• **What to do**: What is needed is an exact transcription of every record, minus the pictures.

:: Dataset records ::

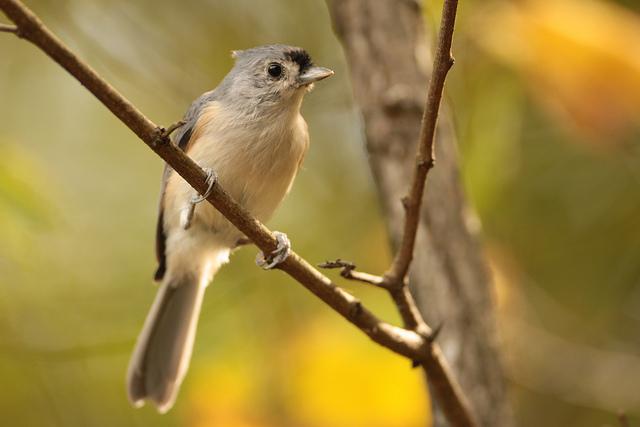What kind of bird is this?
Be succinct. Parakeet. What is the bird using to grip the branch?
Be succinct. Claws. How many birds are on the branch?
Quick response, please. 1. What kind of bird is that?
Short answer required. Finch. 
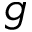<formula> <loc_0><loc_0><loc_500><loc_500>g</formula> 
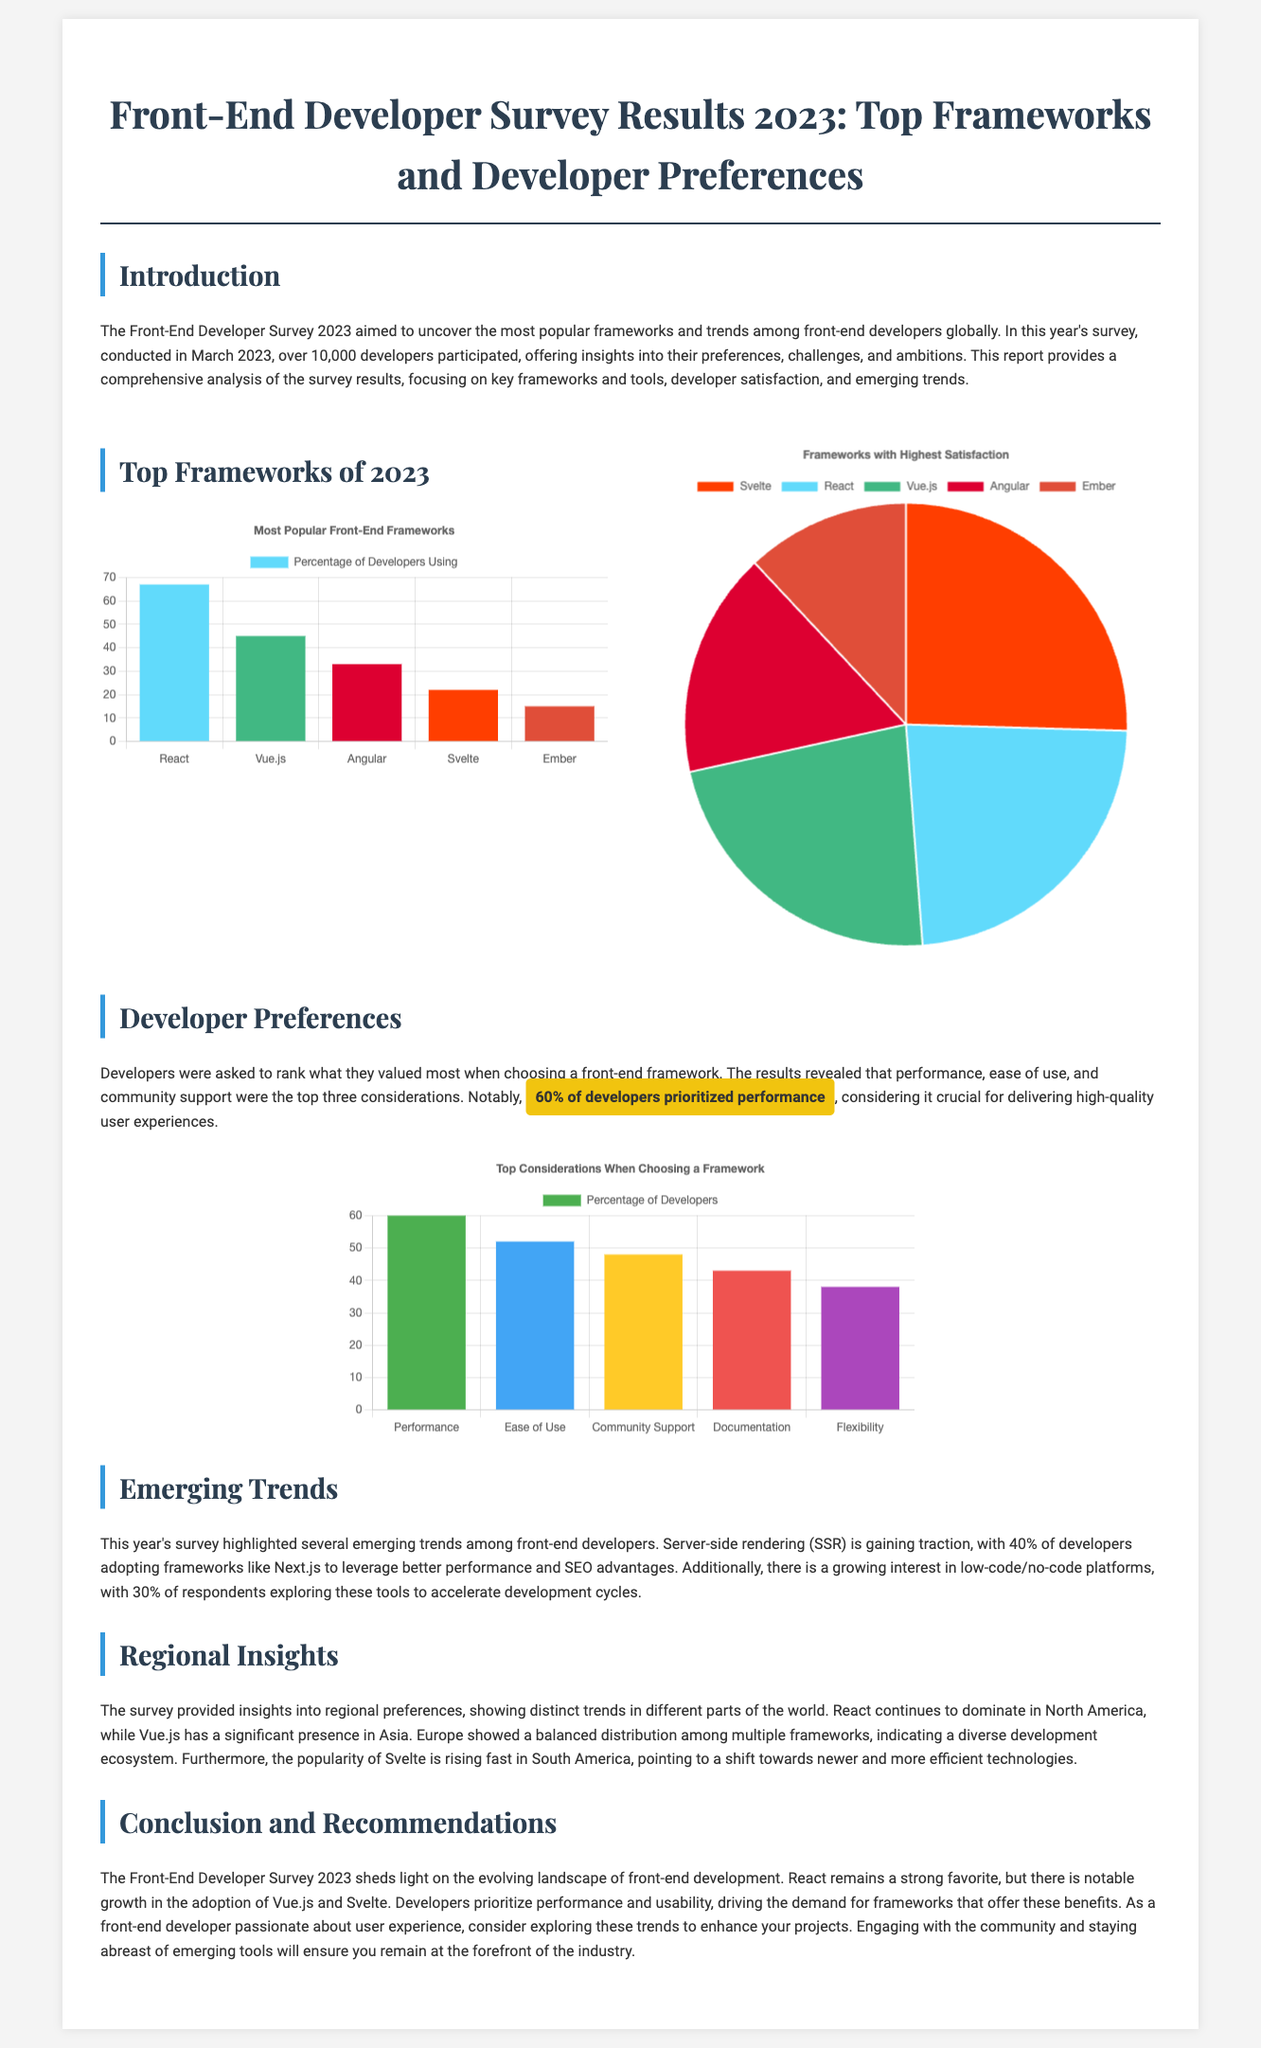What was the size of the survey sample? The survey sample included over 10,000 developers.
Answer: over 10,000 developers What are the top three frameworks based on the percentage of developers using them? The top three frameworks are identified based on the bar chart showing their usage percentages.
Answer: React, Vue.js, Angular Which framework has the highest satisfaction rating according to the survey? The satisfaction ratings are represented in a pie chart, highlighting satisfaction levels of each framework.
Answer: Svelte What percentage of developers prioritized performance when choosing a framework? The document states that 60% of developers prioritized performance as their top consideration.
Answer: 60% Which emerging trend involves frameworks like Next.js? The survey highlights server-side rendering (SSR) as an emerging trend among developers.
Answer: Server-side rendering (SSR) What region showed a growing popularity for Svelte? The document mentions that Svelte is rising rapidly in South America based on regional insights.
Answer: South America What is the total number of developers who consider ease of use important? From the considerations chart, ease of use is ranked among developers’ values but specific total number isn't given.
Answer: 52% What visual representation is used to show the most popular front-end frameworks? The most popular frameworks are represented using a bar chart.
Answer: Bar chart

:::

• **Your response**:
What kind of bird is this?
Be succinct. Parakeet. What is the bird using to grip the branch?
Be succinct. Claws. How many birds are on the branch?
Quick response, please. 1. What kind of bird is that?
Short answer required. Finch. 
<formula> <loc_0><loc_0><loc_500><loc_500>g</formula> 
What was the size of the survey sample? The survey sample included over 10,000 developers.
Answer: over 10,000 developers What are the top three frameworks based on the percentage of developers using them? The top three frameworks are identified based on the bar chart showing their usage percentages.
Answer: React, Vue.js, Angular Which framework has the highest satisfaction rating according to the survey? The satisfaction ratings are represented in a pie chart, highlighting satisfaction levels of each framework.
Answer: Svelte What percentage of developers prioritized performance when choosing a framework? The document states that 60% of developers prioritized performance as their top consideration.
Answer: 60% Which emerging trend involves frameworks like Next.js? The survey highlights server-side rendering (SSR) as an emerging trend among developers.
Answer: Server-side rendering (SSR) What region showed a growing popularity for Svelte? The document mentions that Svelte is rising rapidly in South America based on regional insights.
Answer: South America What is the total number of developers who consider ease of use important? From the considerations chart, ease of use is ranked among developers’ values but specific total number isn't given.
Answer: 52% What visual representation is used to show the most popular front-end frameworks? The most popular frameworks are represented using a bar chart.
Answer: Bar chart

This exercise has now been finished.